(Dataset entries)
★ ★ ★ ★ ★ ★ ★

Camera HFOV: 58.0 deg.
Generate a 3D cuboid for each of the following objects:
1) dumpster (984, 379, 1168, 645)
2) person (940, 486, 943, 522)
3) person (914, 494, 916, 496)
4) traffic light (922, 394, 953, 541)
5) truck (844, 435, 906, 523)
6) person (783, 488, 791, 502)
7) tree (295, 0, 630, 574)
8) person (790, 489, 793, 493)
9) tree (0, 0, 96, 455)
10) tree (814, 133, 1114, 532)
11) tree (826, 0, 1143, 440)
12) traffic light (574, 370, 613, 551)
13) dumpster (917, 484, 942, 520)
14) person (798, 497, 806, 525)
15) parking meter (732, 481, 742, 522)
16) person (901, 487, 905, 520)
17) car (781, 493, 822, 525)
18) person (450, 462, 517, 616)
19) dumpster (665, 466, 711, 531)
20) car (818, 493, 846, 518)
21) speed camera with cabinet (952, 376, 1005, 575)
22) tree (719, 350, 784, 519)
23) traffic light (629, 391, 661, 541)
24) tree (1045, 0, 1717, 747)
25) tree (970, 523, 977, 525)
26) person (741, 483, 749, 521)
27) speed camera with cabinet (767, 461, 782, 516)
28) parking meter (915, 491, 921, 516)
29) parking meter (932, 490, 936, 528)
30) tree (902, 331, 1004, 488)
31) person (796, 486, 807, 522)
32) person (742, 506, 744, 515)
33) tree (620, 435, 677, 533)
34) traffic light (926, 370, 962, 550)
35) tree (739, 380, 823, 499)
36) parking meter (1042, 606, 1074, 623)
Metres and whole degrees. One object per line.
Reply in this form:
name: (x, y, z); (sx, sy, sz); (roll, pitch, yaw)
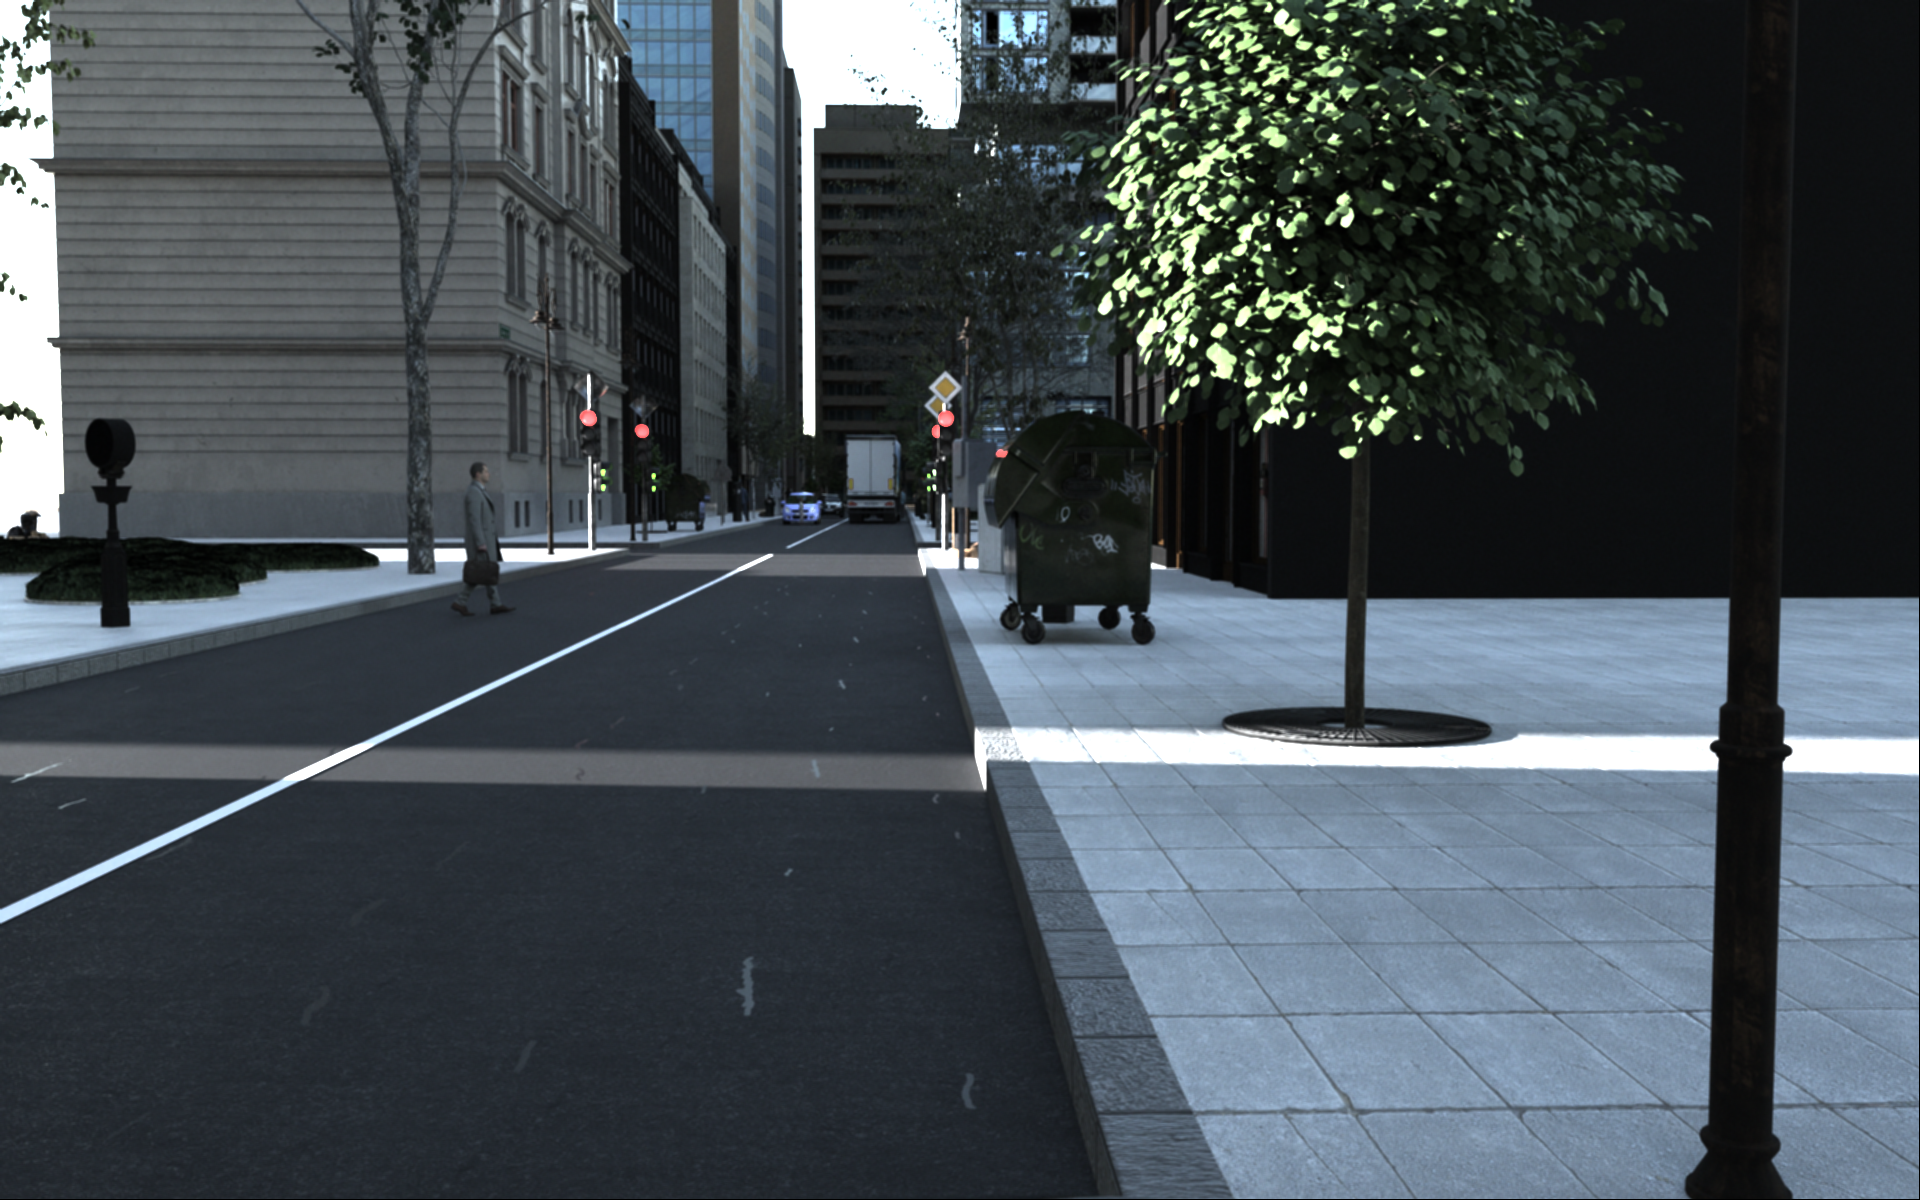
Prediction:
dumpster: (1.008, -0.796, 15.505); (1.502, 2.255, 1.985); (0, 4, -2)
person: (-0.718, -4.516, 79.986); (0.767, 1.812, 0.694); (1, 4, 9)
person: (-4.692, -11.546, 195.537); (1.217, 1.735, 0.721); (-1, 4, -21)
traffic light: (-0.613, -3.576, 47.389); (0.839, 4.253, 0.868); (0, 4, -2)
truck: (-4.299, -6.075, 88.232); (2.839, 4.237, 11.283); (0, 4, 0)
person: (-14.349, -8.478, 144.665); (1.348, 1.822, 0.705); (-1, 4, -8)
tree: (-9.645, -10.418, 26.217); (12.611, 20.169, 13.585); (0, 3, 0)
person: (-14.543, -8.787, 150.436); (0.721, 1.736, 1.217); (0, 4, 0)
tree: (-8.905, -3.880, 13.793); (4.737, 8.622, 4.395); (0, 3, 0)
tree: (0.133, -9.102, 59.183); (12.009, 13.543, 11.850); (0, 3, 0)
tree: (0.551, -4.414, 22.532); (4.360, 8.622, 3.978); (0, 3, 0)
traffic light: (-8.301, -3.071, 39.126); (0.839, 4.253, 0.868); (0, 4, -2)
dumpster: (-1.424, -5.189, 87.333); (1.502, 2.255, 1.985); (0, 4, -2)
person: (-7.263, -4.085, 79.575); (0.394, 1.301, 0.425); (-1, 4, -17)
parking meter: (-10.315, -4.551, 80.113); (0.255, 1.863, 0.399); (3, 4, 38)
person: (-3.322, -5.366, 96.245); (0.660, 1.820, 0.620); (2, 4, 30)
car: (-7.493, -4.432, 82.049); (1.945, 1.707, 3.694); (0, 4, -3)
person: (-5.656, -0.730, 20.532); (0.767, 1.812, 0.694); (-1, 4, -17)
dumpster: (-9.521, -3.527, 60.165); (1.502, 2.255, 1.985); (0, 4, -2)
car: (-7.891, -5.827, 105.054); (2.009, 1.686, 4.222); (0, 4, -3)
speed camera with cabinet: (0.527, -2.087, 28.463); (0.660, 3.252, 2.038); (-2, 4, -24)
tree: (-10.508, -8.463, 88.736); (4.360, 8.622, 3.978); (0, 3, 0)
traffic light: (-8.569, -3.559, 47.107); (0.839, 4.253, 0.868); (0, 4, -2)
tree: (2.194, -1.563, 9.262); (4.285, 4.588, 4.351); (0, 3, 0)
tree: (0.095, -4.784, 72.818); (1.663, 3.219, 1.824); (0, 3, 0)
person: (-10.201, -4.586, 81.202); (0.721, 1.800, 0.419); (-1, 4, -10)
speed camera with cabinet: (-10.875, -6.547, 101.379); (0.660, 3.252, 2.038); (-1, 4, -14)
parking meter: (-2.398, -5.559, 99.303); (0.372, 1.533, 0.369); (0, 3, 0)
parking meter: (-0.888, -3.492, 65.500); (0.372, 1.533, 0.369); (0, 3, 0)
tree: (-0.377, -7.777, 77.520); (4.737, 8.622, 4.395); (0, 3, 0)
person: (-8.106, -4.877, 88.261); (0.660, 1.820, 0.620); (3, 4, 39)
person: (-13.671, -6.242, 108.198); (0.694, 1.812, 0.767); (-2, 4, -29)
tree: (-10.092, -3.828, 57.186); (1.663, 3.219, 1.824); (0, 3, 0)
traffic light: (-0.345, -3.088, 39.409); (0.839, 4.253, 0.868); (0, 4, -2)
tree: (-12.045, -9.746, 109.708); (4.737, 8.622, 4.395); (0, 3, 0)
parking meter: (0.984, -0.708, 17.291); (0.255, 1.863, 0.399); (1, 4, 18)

★ ★ ★ ★ ★ ★ ★

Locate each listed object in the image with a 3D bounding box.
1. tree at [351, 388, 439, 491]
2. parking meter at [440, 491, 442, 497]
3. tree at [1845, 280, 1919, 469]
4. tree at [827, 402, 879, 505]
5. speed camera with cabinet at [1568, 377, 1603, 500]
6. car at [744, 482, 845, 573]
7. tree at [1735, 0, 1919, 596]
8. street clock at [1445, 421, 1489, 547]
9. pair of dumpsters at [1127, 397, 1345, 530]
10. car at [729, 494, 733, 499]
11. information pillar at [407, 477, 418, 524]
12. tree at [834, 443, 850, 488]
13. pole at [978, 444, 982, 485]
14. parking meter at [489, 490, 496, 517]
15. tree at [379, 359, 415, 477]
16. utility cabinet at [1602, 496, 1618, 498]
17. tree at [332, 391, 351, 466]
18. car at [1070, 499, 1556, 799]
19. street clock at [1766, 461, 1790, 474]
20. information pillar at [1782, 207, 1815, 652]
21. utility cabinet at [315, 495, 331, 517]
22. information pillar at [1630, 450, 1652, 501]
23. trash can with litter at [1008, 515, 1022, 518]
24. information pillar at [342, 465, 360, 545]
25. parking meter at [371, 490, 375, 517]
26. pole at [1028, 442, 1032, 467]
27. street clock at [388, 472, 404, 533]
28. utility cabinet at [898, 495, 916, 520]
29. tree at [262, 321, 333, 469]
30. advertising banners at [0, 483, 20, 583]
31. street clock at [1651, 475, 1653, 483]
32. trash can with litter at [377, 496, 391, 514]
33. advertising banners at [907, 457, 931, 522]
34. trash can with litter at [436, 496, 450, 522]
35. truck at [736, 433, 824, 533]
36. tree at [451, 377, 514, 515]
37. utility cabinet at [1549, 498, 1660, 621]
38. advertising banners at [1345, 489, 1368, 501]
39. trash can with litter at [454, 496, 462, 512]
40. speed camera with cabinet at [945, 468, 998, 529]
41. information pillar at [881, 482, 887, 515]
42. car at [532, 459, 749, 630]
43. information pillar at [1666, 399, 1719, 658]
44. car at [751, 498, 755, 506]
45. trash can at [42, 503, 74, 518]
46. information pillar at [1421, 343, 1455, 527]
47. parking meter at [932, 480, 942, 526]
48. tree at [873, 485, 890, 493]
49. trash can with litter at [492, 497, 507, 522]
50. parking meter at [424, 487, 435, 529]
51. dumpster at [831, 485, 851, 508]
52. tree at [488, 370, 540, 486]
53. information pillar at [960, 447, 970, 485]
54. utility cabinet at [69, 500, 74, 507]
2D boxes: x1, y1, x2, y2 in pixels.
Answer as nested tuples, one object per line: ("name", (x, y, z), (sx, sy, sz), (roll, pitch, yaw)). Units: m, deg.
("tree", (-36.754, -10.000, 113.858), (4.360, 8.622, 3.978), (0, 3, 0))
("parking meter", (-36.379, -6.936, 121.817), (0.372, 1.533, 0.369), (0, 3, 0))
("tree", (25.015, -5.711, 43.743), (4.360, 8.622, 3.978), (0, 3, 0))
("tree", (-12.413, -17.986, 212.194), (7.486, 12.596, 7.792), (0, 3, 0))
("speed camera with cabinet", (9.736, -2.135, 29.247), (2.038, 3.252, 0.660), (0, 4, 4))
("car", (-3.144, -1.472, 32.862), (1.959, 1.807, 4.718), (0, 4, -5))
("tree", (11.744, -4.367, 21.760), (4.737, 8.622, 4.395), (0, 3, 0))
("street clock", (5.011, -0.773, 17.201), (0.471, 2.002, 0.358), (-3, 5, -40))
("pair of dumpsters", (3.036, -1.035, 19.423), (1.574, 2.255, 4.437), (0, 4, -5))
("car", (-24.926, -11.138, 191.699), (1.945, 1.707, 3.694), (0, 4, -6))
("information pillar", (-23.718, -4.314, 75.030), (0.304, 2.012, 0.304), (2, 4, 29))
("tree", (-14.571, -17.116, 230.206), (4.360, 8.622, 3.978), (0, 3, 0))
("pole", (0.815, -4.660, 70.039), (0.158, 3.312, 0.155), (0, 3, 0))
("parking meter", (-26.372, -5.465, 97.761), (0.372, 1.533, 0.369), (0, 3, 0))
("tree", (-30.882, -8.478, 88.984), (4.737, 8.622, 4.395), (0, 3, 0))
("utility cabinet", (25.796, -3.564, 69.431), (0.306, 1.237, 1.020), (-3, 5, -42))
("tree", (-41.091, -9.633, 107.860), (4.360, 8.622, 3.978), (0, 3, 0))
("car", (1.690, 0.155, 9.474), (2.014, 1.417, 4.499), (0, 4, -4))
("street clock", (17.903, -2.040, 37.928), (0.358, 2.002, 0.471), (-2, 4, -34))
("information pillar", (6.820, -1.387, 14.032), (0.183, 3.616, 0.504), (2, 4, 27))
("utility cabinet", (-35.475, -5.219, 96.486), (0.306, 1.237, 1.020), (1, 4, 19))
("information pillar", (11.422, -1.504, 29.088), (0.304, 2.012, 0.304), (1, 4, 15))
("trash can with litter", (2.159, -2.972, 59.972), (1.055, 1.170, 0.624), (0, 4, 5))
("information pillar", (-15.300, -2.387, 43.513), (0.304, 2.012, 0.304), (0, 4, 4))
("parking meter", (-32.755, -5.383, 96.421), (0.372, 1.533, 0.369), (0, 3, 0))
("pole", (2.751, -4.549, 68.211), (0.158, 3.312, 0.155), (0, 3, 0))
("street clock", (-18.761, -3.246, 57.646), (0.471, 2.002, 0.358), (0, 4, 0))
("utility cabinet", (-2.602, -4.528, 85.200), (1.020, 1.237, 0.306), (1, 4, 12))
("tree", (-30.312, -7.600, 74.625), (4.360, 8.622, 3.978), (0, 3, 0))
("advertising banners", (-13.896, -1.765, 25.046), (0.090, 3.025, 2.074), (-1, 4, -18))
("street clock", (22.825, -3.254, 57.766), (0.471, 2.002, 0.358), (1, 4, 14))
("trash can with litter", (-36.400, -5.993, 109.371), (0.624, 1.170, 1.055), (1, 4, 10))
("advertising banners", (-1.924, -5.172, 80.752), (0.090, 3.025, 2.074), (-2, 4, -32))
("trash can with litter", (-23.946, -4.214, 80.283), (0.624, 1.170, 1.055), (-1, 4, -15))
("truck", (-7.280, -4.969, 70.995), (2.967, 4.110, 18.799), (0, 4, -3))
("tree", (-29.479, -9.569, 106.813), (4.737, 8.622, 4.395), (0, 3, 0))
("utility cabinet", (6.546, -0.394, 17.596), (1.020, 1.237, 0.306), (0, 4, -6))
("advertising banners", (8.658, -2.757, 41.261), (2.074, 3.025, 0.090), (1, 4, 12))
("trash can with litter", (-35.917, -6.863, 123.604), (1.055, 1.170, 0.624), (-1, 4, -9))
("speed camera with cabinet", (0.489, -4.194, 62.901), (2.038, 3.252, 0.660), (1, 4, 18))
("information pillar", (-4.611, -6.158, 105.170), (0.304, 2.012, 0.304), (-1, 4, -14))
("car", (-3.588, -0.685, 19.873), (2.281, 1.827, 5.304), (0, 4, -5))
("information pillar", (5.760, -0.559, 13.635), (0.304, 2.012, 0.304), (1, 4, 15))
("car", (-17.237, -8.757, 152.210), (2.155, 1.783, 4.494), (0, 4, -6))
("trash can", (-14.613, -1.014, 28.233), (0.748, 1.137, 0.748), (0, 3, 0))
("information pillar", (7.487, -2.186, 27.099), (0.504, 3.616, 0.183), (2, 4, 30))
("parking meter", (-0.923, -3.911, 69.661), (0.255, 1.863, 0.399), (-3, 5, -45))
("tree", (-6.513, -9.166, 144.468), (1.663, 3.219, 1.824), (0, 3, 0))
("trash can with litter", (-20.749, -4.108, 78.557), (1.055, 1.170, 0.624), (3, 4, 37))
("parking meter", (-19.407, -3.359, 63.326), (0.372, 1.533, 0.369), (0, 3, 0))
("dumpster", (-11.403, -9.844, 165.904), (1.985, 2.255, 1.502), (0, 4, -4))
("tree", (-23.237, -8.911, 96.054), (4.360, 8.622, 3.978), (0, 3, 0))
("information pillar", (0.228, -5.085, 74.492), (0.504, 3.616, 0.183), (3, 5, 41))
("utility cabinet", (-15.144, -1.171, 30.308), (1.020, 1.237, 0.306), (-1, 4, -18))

★ ★ ★ ★ ★ ★ ★

### [What this task involves]
The answer is the lines above between the line holding "Metres and whole" and the line holding "name: (x, y, z);", inclusive, each written out exactly, and no others.

### [Answer for the task]
Metres and whole degrees. One object per line.
Reply in this form:
name: (x, y, z); (sx, sy, sz); (roll, pitch, yaw)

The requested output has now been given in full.